Jaime Cedano Roldan

En la medida en que íbamos creciendo y salíamos más a las calles, nos fuimos acostumbrando a los militares armados hasta los dientes que se veían siempre por todos lados y que aparecían con sus retenes en cualquier camino o en cualquier calle. Temíamos sus llegadas repentinas a los parques y plazas de mercado de los pueblos y barrios populares.

Corrían tras los jóvenes como si fueran animales de caza, y como a vacas los apretujaban en camiones en medio de insultos e improperios y se los llevaban lejos, muy lejos del pueblo, a prestar el servicio militar obligatorio, al que solo iban los hijos de los pobres. Los hijos de los ricos o no iban, o prestaban el servicio en el Palacio presidencial. O lo hacían directamente en la Escuela de oficiales a la que costaba un dineral poder ingresar. Los pobres solo podían llegar hasta el grado de sargentos, si sobrevivían, después de pasar muchos años deambulando por batallones o las llamadas zonas rojas, donde acechaban grupos de bandoleros, asaltantes o de guerrillas”.

En estas líneas de una de las crónicas del libro “Paz en Colombia, crónicas de ilusiones, desencantos y viceversas” reseñamos brevemente lo que durante toda la vida ha sido un drama para las familias pobres y de capas medias en Colombia. Las famosas “batidas” del ejército para reclutar soldados a la fuerza. En esas batidas quien no tuviera la libreta militar y estuviera en edad de servicio era detenido y muchas veces inmediatamente enrolado forzosamente, siendo muy frecuentes los inmediatos traslados. Millones de familias han vivido este drama de saber que el hijo ha sido detenido, de correr a buscarlo, del desespero de intentar saber algo de su paradero y enterarse con el correr de los días que está en alguna región remota soportando las violencias, humillaciones y maltratos del reclutamiento forzado.

El nuevo gobierno colombiano ha anunciado el fin de estas prácticas. El ministro de defensa Iván Velásquez ha expresado a través de twitter:

El Ejército no puede retener y conducir a ningún ciudadano a cuarteles o distritos militares para incorporarlos al servicio. Es una práctica ilegal que debe ser suspendida de inmediato”.

Es una orden inusual, que no pensábamos que llegáramos a conocer.
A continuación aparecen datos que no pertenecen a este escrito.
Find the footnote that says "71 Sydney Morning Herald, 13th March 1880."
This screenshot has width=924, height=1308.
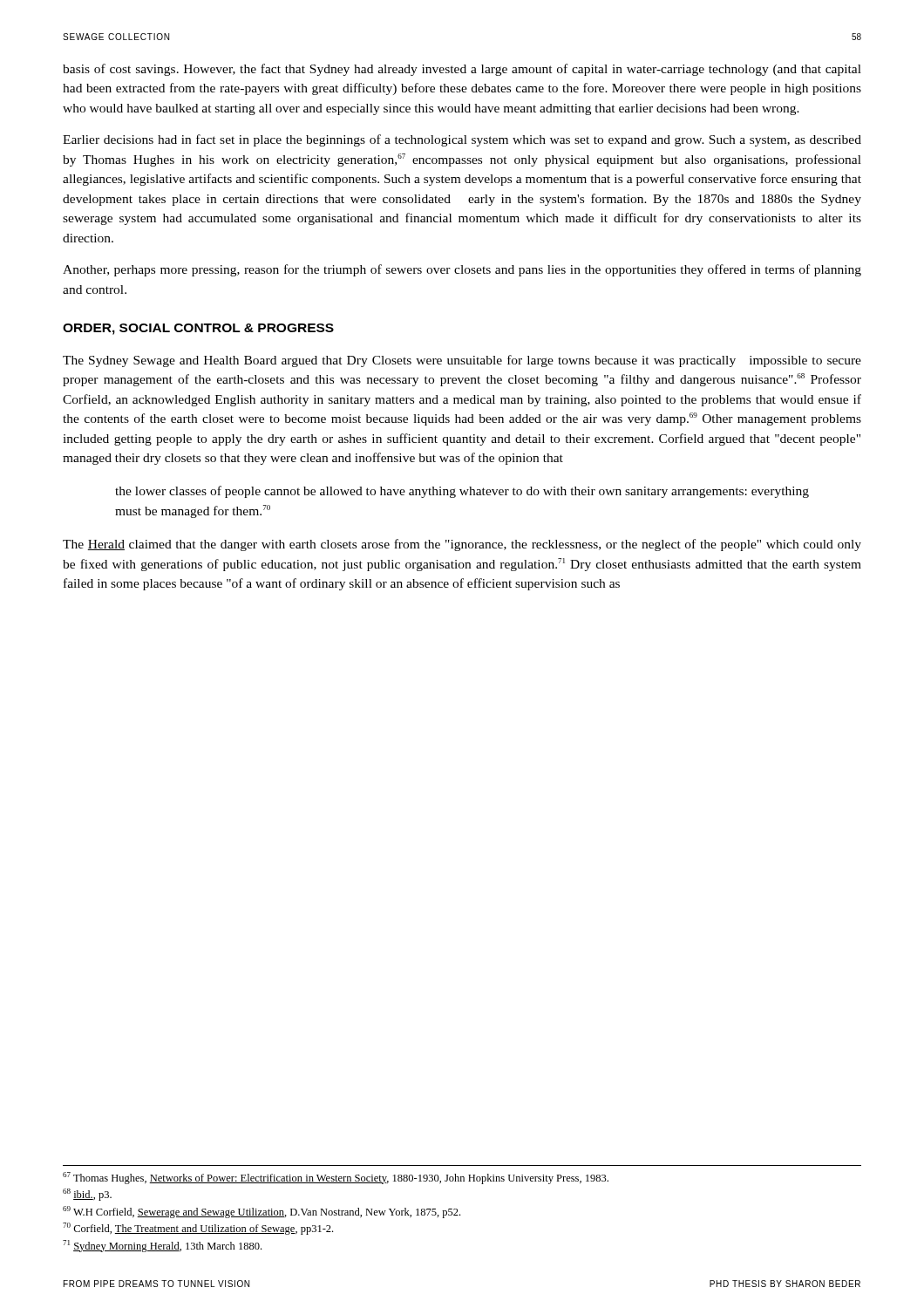pyautogui.click(x=163, y=1245)

Pero ha sucedido y se enmarca en la nueva doctrina militar que está expresando el presidente Gustavo Petro quien en la ceremonia de transmisión de mando en la cúpula de la policía hizo un profundo planteamiento de esta nueva política militar que deja atrás la “Doctrina de la Seguridad nacional”, que el pentágono norteamericano impusiera por los países latinoamericanos y caribeños sometidos a su órbita y dominio y pasar a la Doctrina de la seguridad humana que tiene que ver con el trato que policías y militares deben dar a la población civil pero también con el tratamiento a los militares y policías que incluyen su capacitación integral y las posibilidades generalizadas de ascenso. Petro busca romper algo que hasta ahora era inamovible en las fuerzas armadas, el mundo de la alta oficialidad preparada en exclusivas academias militares y el mundo de la sub-oficialidad y la tropa. “Dos mundos que se tienen que unir”, ha dicho el presidente, afirmando que no es posible que un general no haya sido patrullero y que debe ser posible que un patrullero pueda ser general. Estos planteamientos caen muy bien en el conjunto de las tropas y del país, con excepción de las altas élites financieras y de las derechas.

“En las fuerzas militares para la paz, primero está el hombre y la mujer que el fusil.”

Falta mucho tiempo para que se pase de los anuncios a los hechos. Habrán resistencias desde adentro y desde afuera de las fuerzas militares y de policía, los norteamericanos están con el ojo abierto, el ex general Zapateiro anda montando golpes y sublevaciones que por ahora solo parecen ridículas comedias. De todos modos un nuevo tiempo ha empezado.